Secondly, it’s a nice showcase for the game’s writing, and how it informs the stat-massaging. The Necromancer’s Tale is set near Venice in a mildly sorcerous version of 18th century Europe, where “courtly intrigue collides with black magic even as chemistry emerges from alchemy”. You are a child of nobles who meets with strange fortune and takes a hard left into lichedom.

That’s the kind of rich setup that often leads to sentences that sag beneath the weight of adjectives and metaphors like sickly, fermenting, wasp-blighted plum trees, but the prologue writing is spare and evenly stressed, easy to read aloud. More importantly, the relationship between the choose-your-own adventure decisions and the evolution of your stats is unclear in an engaging way.

Some of the decisions are QTE fare, like “do I fend off this stone-throwing girl with a stick or do I ask her to stop”. Sometimes they are more introspective. An example: I have just been banished by my parents, for reasons unknown. As I’m borne away in a carriage, I have the choice of feeling angry and unwanted, or wounded and betrayed, or simply confused. Now, see if you can work out how those emotions will feed into my nine core stats: Strength, Agility, Constitution, Acuity, Knowledge, Investigate, Analyse, Impress, or Convince.

It’s not an absolute enigma, but there’s enough slipperiness that I make the choice more to discover the outcome, than to boost the preferred stat. I like it when RPG yarns successfully unhitch my brain from The Numbers. Elsewhere, the prologue attempts the perilous feat of taking some Numbers away.
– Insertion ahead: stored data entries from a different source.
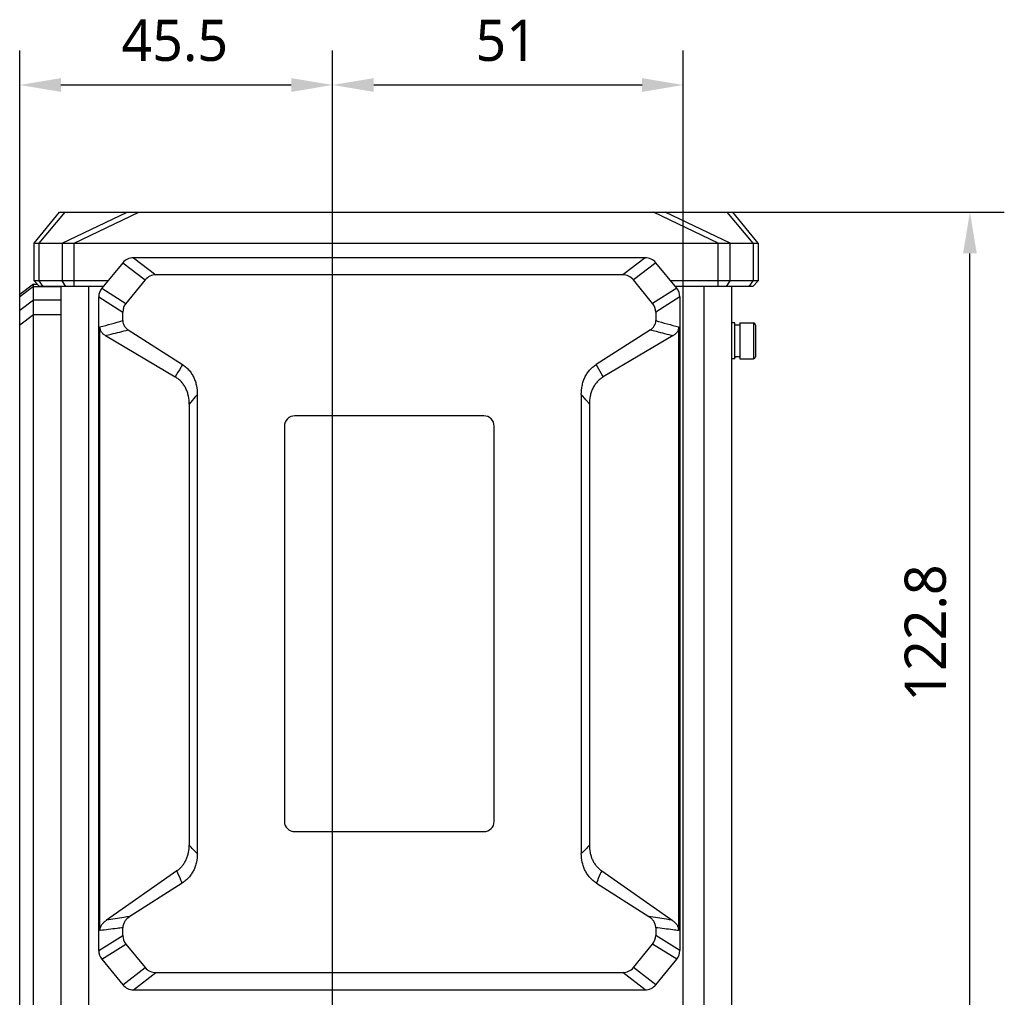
# Model space of a CAD drawing. Header units: millimetres. Extents: x 96 to 523, y 96 to 358.
# Tile 12 of 13: x 335 to 407, y 285 to 356. Entities that reach past the tile are written whole.
import ezdxf

# ---------------------------------------------------------------- set-up
doc = ezdxf.new("R2010")
doc.units = ezdxf.units.MM
doc.header["$LTSCALE"] = 32.67
doc.header["$PDMODE"] = 3
doc.header["$PDSIZE"] = 8
doc.layers.get('0').update_dxf_attribs({"linetype": 'CONTINUOUS'})
doc.layers.get('Defpoints').update_dxf_attribs({"linetype": 'CONTINUOUS'})
doc.layers.add('00_COMPONENTS', color=7, linetype='CONTINUOUS')
doc.layers.add('51__DRAFT_DIMS', color=7, linetype='CONTINUOUS')
doc.styles.get("Standard").update_dxf_attribs({"font": 'Roboto-Regular.ttf'})
doc.dimstyles.new('DIMSTYLE_2', dxfattribs={"dimtxt": 3, "dimasz": 3, "dimexe": 2.5, "dimexo": 0.5, "dimgap": 0.75, "dimtad": 1, "dimlfac": 2, "dimdsep": 46, "dimtxsty": 'STANDARD', "dimblk": '_FILLED', "dimblk1": '_FILLED', "dimblk2": '_FILLED', "dimcen": 0.09, "dimclrt": 3, "dimazin": 2, "dimtp": 0.3, "dimtm": 0.3, "dimtfac": 1, "dimtofl": 0, "dimtmove": 0, "dimatfit": 3, "dimldrblk": '_FILLED', "dimfxl": 1, "dimtolj": 1, "dimarcsym": 0})
doc.dimstyles.new('DIMSTYLE_3', dxfattribs={"dimtxt": 3, "dimasz": 3, "dimexe": 2.5, "dimexo": 0.5, "dimgap": 0.75, "dimtad": 1, "dimdec": 1, "dimlfac": 2, "dimdsep": 46, "dimtxsty": 'STANDARD', "dimblk": '_FILLED', "dimblk1": '_FILLED', "dimblk2": '_FILLED', "dimcen": 0.09, "dimclrt": 3, "dimazin": 2, "dimtp": 0.5, "dimtm": 0.5, "dimtfac": 1, "dimtdec": 1, "dimtofl": 0, "dimtmove": 0, "dimatfit": 3, "dimldrblk": '_FILLED', "dimfxl": 1, "dimtolj": 1, "dimarcsym": 0})

# ---------------------------------------------------------------- blocks, each defined once
blk = doc.blocks.new('_FILLED')
at = {"color": 0, "linetype": 'ByBlock'}
blk.add_solid([(0, 0), (-1, 0.167), (-1, -0.167)], dxfattribs=at)
blk = doc.blocks.new('*D8')
at = {"layer": '51__DRAFT_DIMS', "color": 0, "lineweight": -2}
for p, q in [((345.82, 341.897), (406.604, 341.897)), ((404.104, 283.482), (404.104, 338.897)), ((358.26, 280.482), (406.604, 280.482))]:
    blk.add_line(p, q, dxfattribs=at)
at = {"layer": 'Defpoints', "color": 0}
for p in [(345.32, 341.897), (404.104, 341.897), (357.76, 280.482)]:
    blk.add_point(p, dxfattribs=at)
at = {"layer": '51__DRAFT_DIMS', "color": 0, "linetype": 'ByBlock', "lineweight": -2, "xscale": 3, "yscale": 3, "zscale": 3}
for p, rotation in [((404.104, 341.897), 90), ((404.104, 280.482), 270)]:
    blk.add_blockref('_FILLED', p, dxfattribs=dict(at, rotation=rotation))
at = {"layer": '51__DRAFT_DIMS', "color": 3, "insert": (399.354, 311.278), "char_height": 3, "attachment_point": 2, "rotation": 90, "line_spacing_factor": 0.9}
blk.add_mtext('\\A1;122.8', dxfattribs=at)
blk = doc.blocks.new('*D9')
at = {"layer": '51__DRAFT_DIMS', "color": 0, "lineweight": -2}
for p, q in [((357.76, 280.982), (357.76, 353.645)), ((383.26, 280.982), (383.26, 353.645)), ((360.76, 351.145), (380.26, 351.145))]:
    blk.add_line(p, q, dxfattribs=at)
at = {"layer": 'Defpoints', "color": 0}
for p in [(383.26, 351.145), (357.76, 280.482), (383.26, 280.482)]:
    blk.add_point(p, dxfattribs=at)
at = {"layer": '51__DRAFT_DIMS', "color": 0, "linetype": 'ByBlock', "lineweight": -2, "xscale": 3, "yscale": 3, "zscale": 3, "rotation": 180}
blk.add_blockref('_FILLED', (357.76, 351.145), dxfattribs=at)
at = {"layer": '51__DRAFT_DIMS', "color": 0, "linetype": 'ByBlock', "lineweight": -2, "xscale": 3, "yscale": 3, "zscale": 3}
blk.add_blockref('_FILLED', (383.26, 351.145), dxfattribs=at)
at = {"layer": '51__DRAFT_DIMS', "color": 3, "insert": (370.385, 355.895), "char_height": 3, "attachment_point": 2, "line_spacing_factor": 0.9}
blk.add_mtext('\\A1;51', dxfattribs=at)
blk = doc.blocks.new('*D10')
at = {"layer": '51__DRAFT_DIMS', "color": 0, "lineweight": -2}
for p, q in [((335.01, 334.204), (335.01, 353.645)), ((357.76, 280.982), (357.76, 353.645)), ((338.01, 351.145), (354.76, 351.145))]:
    blk.add_line(p, q, dxfattribs=at)
at = {"layer": 'Defpoints', "color": 0}
for p in [(357.76, 351.145), (335.01, 333.704), (357.76, 280.482)]:
    blk.add_point(p, dxfattribs=at)
at = {"layer": '51__DRAFT_DIMS', "color": 0, "linetype": 'ByBlock', "lineweight": -2, "xscale": 3, "yscale": 3, "zscale": 3, "rotation": 180}
blk.add_blockref('_FILLED', (335.01, 351.145), dxfattribs=at)
at = {"layer": '51__DRAFT_DIMS', "color": 0, "linetype": 'ByBlock', "lineweight": -2, "xscale": 3, "yscale": 3, "zscale": 3}
blk.add_blockref('_FILLED', (357.76, 351.145), dxfattribs=at)
at = {"layer": '51__DRAFT_DIMS', "color": 3, "insert": (346.289, 355.895), "char_height": 3, "attachment_point": 2, "line_spacing_factor": 0.9}
blk.add_mtext('\\A1;45.5', dxfattribs=at)

msp = doc.modelspace()

# ---------------------------------------------------------------- linework, layer by layer
at = {"layer": '00_COMPONENTS'}
for p, q in [((336.0605, 339.6472), (337.9105, 341.8972)), ((336.4266, 339.6472), (338.324, 341.8972)), ((337.9105, 341.8972), (386.8605, 341.8972)), ((338.0944, 339.6472), (342.8289, 341.8972)), ((338.9782, 339.6472), (343.6653, 341.8972)), ((385.7927, 339.6472), (381.1056, 341.8972)), ((386.6766, 339.6472), (381.9421, 341.8972)), ((388.3444, 339.6472), (386.4469, 341.8972)), ((388.7105, 339.6472), (386.8605, 341.8972)), ((336.0605, 336.8972), (336.0605, 339.6472)), ((336.0605, 339.6472), (388.7105, 339.6472)), ((336.4266, 336.8972), (336.4266, 339.6472)), ((338.0944, 339.6472), (338.0944, 336.8972)), ((338.9782, 336.4972), (338.9782, 339.6472)), ((385.7927, 336.4972), (385.7927, 339.6472)), ((386.6766, 336.8972), (386.6766, 339.6472)), ((388.3444, 339.6472), (388.3444, 336.8972)), ((388.7105, 339.6472), (388.7105, 336.8972)), ((342.5104, 338.2163), (340.9872, 336.3587)), ((342.5104, 338.2163), (344.1365, 336.9663)), ((343.2837, 338.5822), (344.9098, 337.3322)), ((380.4873, 338.5822), (343.2837, 338.5822)), ((380.4873, 338.5822), (378.8612, 337.3322)), ((381.2605, 338.2163), (379.6344, 336.9663)), ((382.7837, 336.3587), (381.2605, 338.2163)), ((378.8612, 337.3322), (344.9098, 337.3322)), ((336.0105, 336.6572), (335.0105, 335.9072)), ((336.0105, 154.3072), (336.0105, 336.6572)), ((336.0105, 336.6572), (336.3005, 336.6572)), ((336.4605, 336.4972), (336.0605, 336.8972)), ((341.4288, 336.8972), (336.0605, 336.8972)), ((336.7094, 336.4972), (336.4266, 336.8972)), ((341.1008, 336.4972), (336.4605, 336.4972)), ((338.0105, 336.4972), (338.0105, 154.4672)), ((338.3772, 336.4972), (338.0944, 336.8972)), ((340.0105, 336.4972), (340.0105, 154.4672)), ((344.1365, 336.9663), (342.7372, 335.2598)), ((381.0337, 335.2598), (379.6344, 336.9663)), ((388.7105, 336.8972), (382.3422, 336.8972)), ((388.3105, 336.4972), (382.6702, 336.4972)), ((384.7605, 336.4972), (384.7605, 284.2322)), ((386.3938, 336.4972), (386.6766, 336.8972)), ((386.7605, 336.4972), (386.7605, 284.2322)), ((388.0615, 336.4972), (388.3444, 336.8972)), ((388.3105, 336.4972), (388.7105, 336.8972)), ((336.0105, 336.479), (335.0105, 335.729)), ((335.0105, 155.0572), (335.0105, 335.9072)), ((336.0105, 336.479), (338.0105, 336.479)), ((340.9872, 336.3587), (342.7372, 335.2598)), ((382.7837, 336.3587), (381.0337, 335.2598)), ((335.0105, 334.776), (336.0105, 335.5213)), ((336.0105, 335.5213), (338.0105, 335.5213)), ((340.7605, 288.1898), (340.7605, 335.7246)), ((340.7605, 335.7246), (342.5105, 334.6257)), ((383.0105, 335.7246), (381.2605, 334.6257)), ((383.0105, 335.7246), (383.0105, 288.1898)), ((335.0105, 333.7041), (336.0105, 334.4494)), ((336.0105, 334.4494), (338.0105, 334.4494)), ((342.5105, 334.005), (342.5105, 334.6257)), ((381.2605, 334.6257), (381.2605, 334.005)), ((387.0105, 333.8322), (386.7605, 333.8322)), ((387.0105, 331.2322), (387.0105, 333.8322)), ((387.3855, 333.6822), (387.0105, 333.6822)), ((387.3855, 333.8322), (387.3855, 331.2322)), ((387.3855, 333.8322), (388.3605, 333.8322)), ((388.3605, 333.8322), (388.3605, 331.2322)), ((388.5105, 333.6822), (388.5105, 331.3822)), ((340.848, 289.6384), (340.848, 333.542)), ((341.2453, 332.9132), (346.3226, 329.9069)), ((342.9022, 333.3317), (346.8444, 330.8105)), ((380.8688, 333.3317), (376.9266, 330.8105)), ((382.5257, 332.9132), (377.4483, 329.9069)), ((382.923, 333.542), (382.923, 289.6384)), ((387.0105, 331.2322), (386.7605, 331.2322)), ((387.3855, 331.3822), (387.328, 331.3822)), ((387.3855, 331.2322), (388.3605, 331.2322)), ((347.9246, 328.6314), (347.9246, 295.2354)), ((375.8463, 328.6314), (375.8463, 295.2354)), ((347.3355, 327.9334), (347.3355, 295.856)), ((376.4355, 327.9334), (376.4355, 295.856)), ((368.7605, 327.0822), (355.0105, 327.0822)), ((354.2605, 326.3322), (354.2605, 297.5822)), ((369.5105, 297.5822), (369.5105, 326.3322)), ((355.0105, 296.8322), (368.7605, 296.8322)), ((346.44, 293.9801), (341.3133, 290.3904)), ((377.331, 293.9801), (382.4576, 290.3904)), ((346.8235, 293.0904), (343.0207, 290.6585)), ((376.9475, 293.0904), (380.7502, 290.6585)), ((340.7605, 288.1898), (342.5105, 289.2886)), ((342.5105, 289.2886), (342.5105, 289.843)), ((381.2605, 289.843), (381.2605, 289.2886)), ((383.0105, 288.1898), (381.2605, 289.2886)), ((340.9872, 287.5557), (342.7372, 288.6546)), ((342.7372, 288.6546), (344.1365, 286.9481)), ((379.6344, 286.9481), (381.0337, 288.6546)), ((382.7837, 287.5557), (381.0337, 288.6546)), ((340.9872, 287.5557), (342.5104, 285.6981)), ((381.2605, 285.6981), (382.7837, 287.5557)), ((342.5104, 285.6981), (344.1365, 286.9481)), ((343.2837, 285.3322), (344.9098, 286.5822)), ((344.9098, 286.5822), (378.8612, 286.5822)), ((380.4873, 285.3322), (378.8612, 286.5822)), ((381.2605, 285.6981), (379.6344, 286.9481)), ((343.2837, 285.3322), (380.4873, 285.3322))]:
    msp.add_line(p, q, dxfattribs=at)
for centre, radius, start, end in [((343.2837, 337.5822), 1, 90, 140.648247), ((380.4873, 337.5822), 1, 39.351753, 90), ((344.9098, 336.3322), 1, 90, 140.648247), ((378.8612, 336.3322), 1, 39.351753, 90), ((341.7605, 335.7246), 1, 140.648247, 180), ((382.0105, 335.7246), 1, 0, 39.351753), ((343.5105, 334.6257), 1, 140.648247, 180), ((380.2605, 334.6257), 1, 0, 39.351753), ((209.7197, 807.576), 491.8362, 285.462621, 285.663663), ((507.0387, 782.3971), 465.6991, 254.330694, 254.54302), ((388.3605, 333.6822), 0.15, 0, 90), ((388.3605, 331.3822), 0.15, 270, 360), ((355.0105, 326.3322), 0.75, 90, 180), ((368.7605, 326.3322), 0.75, 0, 90), ((355.0105, 297.5822), 0.75, 180, 270), ((368.7605, 297.5822), 0.75, 270, 360), ((343.5105, 289.2886), 1, 180, 219.351753), ((380.2605, 289.2886), 1, 320.648247, 360), ((341.7605, 288.1898), 1, 180, 219.351753), ((382.0105, 288.1898), 1, 320.648247, 360), ((344.9098, 287.5822), 1, 219.351753, 270), ((378.8612, 287.5822), 1, 270, 320.648247), ((343.2837, 286.3322), 1, 219.351753, 270), ((380.4873, 286.3322), 1, 270, 320.648247)]:
    msp.add_arc(centre, radius, start, end, dxfattribs=at)
for centre, start_param, end_param in [((387.328, 332.5322), -1.7641911, -1.5707963), ((387.0654, 332.5322), -1.6040726, -1.4912398)]:
    msp.add_ellipse(centre, major_axis=(1.6522, 0), ratio=0.696054, start_param=start_param, end_param=end_param, dxfattribs=at)
for points, knots in [([(342.5105, 334.005), (342.5105, 333.9374), (342.5285, 333.8014), (342.6102, 333.613), (342.7379, 333.4526), (342.8451, 333.3682), (342.9022, 333.3317)], [0, 0, 0, 0, 0.2498997, 0.4997976, 0.7498193, 1, 1, 1, 1]), ([(380.8688, 333.3317), (380.9258, 333.3682), (381.0331, 333.4526), (381.1608, 333.613), (381.2425, 333.8014), (381.2605, 333.9374), (381.2605, 334.005)], [0, 0, 0, 0, 0.2501807, 0.5002024, 0.7501003, 1, 1, 1, 1]), ([(341.2453, 332.9132), (341.1897, 332.9461), (341.0838, 333.0221), (340.9535, 333.1688), (340.8672, 333.3463), (340.848, 333.477), (340.848, 333.542)], [0, 0, 0, 0, 0.2494343, 0.4992254, 0.7494231, 1, 1, 1, 1]), ([(341.2453, 332.9132), (341.3832, 332.948), (341.9354, 333.0877), (342.4877, 333.2271), (342.9022, 333.3317)], [0, 0, 0, 0, 0.2496592, 1, 1, 1, 1]), ([(380.8688, 333.3317), (381.0071, 333.2968), (381.5594, 333.1574), (382.1117, 333.0179), (382.5257, 332.9132)], [0, 0, 0, 0, 0.250363, 1, 1, 1, 1]), ([(382.923, 333.542), (382.923, 333.477), (382.9038, 333.3463), (382.8175, 333.1688), (382.6872, 333.0221), (382.5813, 332.9461), (382.5257, 332.9132)], [0, 0, 0, 0, 0.2505774, 0.5007752, 0.750566, 1, 1, 1, 1]), ([(346.8444, 330.8105), (346.8019, 330.7356), (346.6299, 330.4333), (346.4555, 330.1324), (346.3226, 329.9069)], [0, 0, 0, 0, 0.2475543, 1, 1, 1, 1]), ([(346.8444, 330.8105), (346.9335, 330.7535), (347.1038, 330.6266), (347.3288, 330.4014), (347.5193, 330.1464), (347.6729, 329.8676), (347.7891, 329.5714), (347.8957, 329.1614), (347.9246, 328.8427), (347.9246, 328.6314)], [0, 0, 0, 0, 0.1250152, 0.2500302, 0.3750502, 0.5000797, 0.625121, 0.750174, 1, 1, 1, 1]), ([(375.8463, 328.6314), (375.8463, 328.8427), (375.8752, 329.1614), (375.9818, 329.5714), (376.098, 329.8676), (376.2516, 330.1464), (376.4421, 330.4014), (376.6672, 330.6266), (376.8375, 330.7535), (376.9266, 330.8105)], [0, 0, 0, 0, 0.249826, 0.374879, 0.4999203, 0.6249498, 0.7499698, 0.8749848, 1, 1, 1, 1]), ([(377.4483, 329.9069), (377.4038, 329.9825), (377.2279, 330.2826), (377.0548, 330.5843), (376.9266, 330.8105)], [0, 0, 0, 0, 0.2522618, 1, 1, 1, 1]), ([(347.3355, 327.9334), (347.3355, 328.1274), (347.3093, 328.4199), (347.2103, 328.7958), (347.1013, 329.0664), (346.9565, 329.3194), (346.7766, 329.5483), (346.5649, 329.7475), (346.4056, 329.8578), (346.3226, 329.9069)], [0, 0, 0, 0, 0.2504879, 0.375798, 0.5009924, 0.6260298, 0.7508795, 0.8755316, 1, 1, 1, 1]), ([(377.4483, 329.9069), (377.3654, 329.8578), (377.2061, 329.7475), (376.9943, 329.5483), (376.8144, 329.3194), (376.6697, 329.0664), (376.5607, 328.7958), (376.4616, 328.4199), (376.4355, 328.1274), (376.4355, 327.9334)], [0, 0, 0, 0, 0.1244684, 0.2491205, 0.3739702, 0.4990076, 0.624202, 0.7495121, 1, 1, 1, 1]), ([(347.9246, 328.6314), (347.8752, 328.574), (347.677, 328.3429), (347.4813, 328.1095), (347.3355, 327.9334)], [0, 0, 0, 0, 0.2487963, 1, 1, 1, 1]), ([(376.4355, 327.9334), (376.3867, 327.9923), (376.1921, 328.2264), (375.9953, 328.4587), (375.8463, 328.6314)], [0, 0, 0, 0, 0.2511437, 1, 1, 1, 1]), ([(346.44, 293.9801), (346.5135, 294.0316), (346.6541, 294.1444), (346.8403, 294.3405), (346.9985, 294.5603), (347.1264, 294.7994), (347.2232, 295.0528), (347.3118, 295.4034), (347.3355, 295.6755), (347.3355, 295.856)], [0, 0, 0, 0, 0.1245244, 0.2492212, 0.3740945, 0.4991315, 0.6243048, 0.7495796, 1, 1, 1, 1]), ([(347.9246, 295.2354), (347.8239, 295.3346), (347.6248, 295.539), (347.4317, 295.749), (347.3355, 295.856)], [0, 0, 0, 0, 0.4956713, 1, 1, 1, 1]), ([(376.4355, 295.856), (376.3392, 295.749), (376.1462, 295.539), (375.9471, 295.3346), (375.8463, 295.2354)], [0, 0, 0, 0, 0.5043281, 1, 1, 1, 1]), ([(376.4355, 295.856), (376.4355, 295.6755), (376.4592, 295.4034), (376.5478, 295.0529), (376.6446, 294.7994), (376.7724, 294.5603), (376.9306, 294.3405), (377.1169, 294.1444), (377.2575, 294.0316), (377.331, 293.9801)], [0, 0, 0, 0, 0.2504204, 0.3756952, 0.5008685, 0.6259055, 0.7507788, 0.8754756, 1, 1, 1, 1]), ([(347.9246, 295.2354), (347.9246, 295.0259), (347.8938, 294.7098), (347.7813, 294.3051), (347.6599, 294.0138), (347.5015, 293.7409), (347.3075, 293.4919), (347.0813, 293.2719), (346.9118, 293.1469), (346.8235, 293.0904)], [0, 0, 0, 0, 0.2497783, 0.3748297, 0.4998717, 0.6249063, 0.7499367, 0.8749668, 1, 1, 1, 1]), ([(376.9475, 293.0904), (376.8591, 293.1469), (376.6897, 293.2719), (376.4635, 293.4919), (376.2695, 293.7409), (376.111, 294.0138), (375.9896, 294.3051), (375.8772, 294.7098), (375.8463, 295.0259), (375.8463, 295.2354)], [0, 0, 0, 0, 0.1250332, 0.2500633, 0.3750937, 0.5001282, 0.6251702, 0.7502217, 1, 1, 1, 1]), ([(346.8235, 293.0904), (346.7958, 293.1639), (346.678, 293.4647), (346.5458, 293.7598), (346.44, 293.9801)], [0, 0, 0, 0, 0.2431804, 1, 1, 1, 1]), ([(377.331, 293.9801), (377.2952, 293.9056), (377.158, 293.6132), (377.0322, 293.3153), (376.9475, 293.0904)], [0, 0, 0, 0, 0.2559894, 1, 1, 1, 1]), ([(340.848, 289.6384), (340.848, 289.6768), (340.8547, 289.7537), (340.8931, 289.9025), (340.9819, 290.0747), (341.1319, 290.2498), (341.2508, 290.3467), (341.3133, 290.3904)], [0, 0, 0, 0, 0.1254744, 0.2508984, 0.5008859, 0.7506024, 1, 1, 1, 1]), ([(343.0207, 290.6585), (342.8777, 290.6367), (342.3083, 290.549), (341.7393, 290.4588), (341.3133, 290.3904)], [0, 0, 0, 0, 0.2511728, 1, 1, 1, 1]), ([(343.0207, 290.6585), (342.9504, 290.6135), (342.8172, 290.511), (342.6524, 290.3201), (342.5576, 290.131), (342.5175, 289.9685), (342.5105, 289.8848), (342.5105, 289.843)], [0, 0, 0, 0, 0.2501051, 0.5000582, 0.7497722, 0.8748931, 1, 1, 1, 1]), ([(382.4576, 290.3904), (382.316, 290.4131), (381.7472, 290.5041), (381.178, 290.5933), (380.7502, 290.6585)], [0, 0, 0, 0, 0.2489159, 1, 1, 1, 1]), ([(381.2605, 289.843), (381.2605, 289.8848), (381.2535, 289.9685), (381.2133, 290.131), (381.1185, 290.3201), (380.9538, 290.511), (380.8206, 290.6135), (380.7502, 290.6585)], [0, 0, 0, 0, 0.1251069, 0.2502278, 0.4999418, 0.7498949, 1, 1, 1, 1]), ([(382.4576, 290.3904), (382.5201, 290.3467), (382.6391, 290.2498), (382.789, 290.0747), (382.8778, 289.9025), (382.9162, 289.7537), (382.923, 289.6768), (382.923, 289.6384)], [0, 0, 0, 0, 0.2493978, 0.4991143, 0.7491017, 0.8745256, 1, 1, 1, 1]), ([(342.5105, 289.843), (342.3719, 289.8269), (341.8174, 289.7612), (341.2634, 289.6919), (340.848, 289.6384)], [0, 0, 0, 0, 0.2499193, 1, 1, 1, 1]), ([(382.923, 289.6384), (382.7845, 289.6562), (382.2306, 289.7269), (381.6764, 289.7946), (381.2605, 289.843)], [0, 0, 0, 0, 0.250077, 1, 1, 1, 1])]:
    msp.add_open_spline(points, degree=3, knots=knots, dxfattribs=at)

# ---------------------------------------------------------------- dimensions: what is measured, and where the dimension line sits
at = {"layer": '51__DRAFT_DIMS', "color": 4}
for base, p1, p2, picture, middle in [((357.7605, 351.145), (335.0105, 333.7041), (357.7605, 280.4822), '*D10', (346.2888, 351.145)), ((383.2605, 351.145), (357.7605, 280.4822), (383.2605, 280.4822), '*D9', (370.3845, 351.145))]:
    dim = msp.add_linear_dim(base=base, p1=p1, p2=p2, dimstyle='DIMSTYLE_2', dxfattribs=at)
    dim.commit()
    dim.dimension.update_dxf_attribs({"geometry": picture, "text_midpoint": middle, "dimtype": 160})
dim = msp.add_linear_dim(base=(404.1042, 341.8972), p1=(357.7605, 280.4822), p2=(345.3197, 341.8972), angle=90, dimstyle='DIMSTYLE_3', dxfattribs=at)
dim.commit()
dim.dimension.update_dxf_attribs({"geometry": '*D8', "text_midpoint": (404.1042, 311.2775), "dimtype": 160})

doc.saveas('drawing.dxf')

As you age, things happen that lower your stats. I found these misadventures just as convincing – all part of life’s pissy golden tapestry – and I liked how they got around the presumable underlying design issue of needing to cap the player’s points.

A necromancer's spellbook full of circles and triangles and drawings of hideous thibgs and objects, with scrawly handwritten text
Image credit: Psychic Software

If all of this leaves you cold, rest assured that there’s the option of skipping the adventure book element and just adding or deducting those points from a bar. Go on, play it like you’re doing your taxes – I’d judge you for it if I hadn’t once been fined £800 for handing my tax return in late. You can also tinker with the points after completing the prologue. Myself, I’m sticking with the character I’ve rolled, an absolute weed with respectable detective skills, a little book learning and a plausible manner.

As for the rest of the game – well, it’s early days, but I’m not sure the combat is anything to write home about. It’s turn- and hex-based with melee, projectiles and spells. Pretty routine. My enthusiasm will hinge on whether the necromancy component lets you do things more devious than summoning increasingly gnarly hordes.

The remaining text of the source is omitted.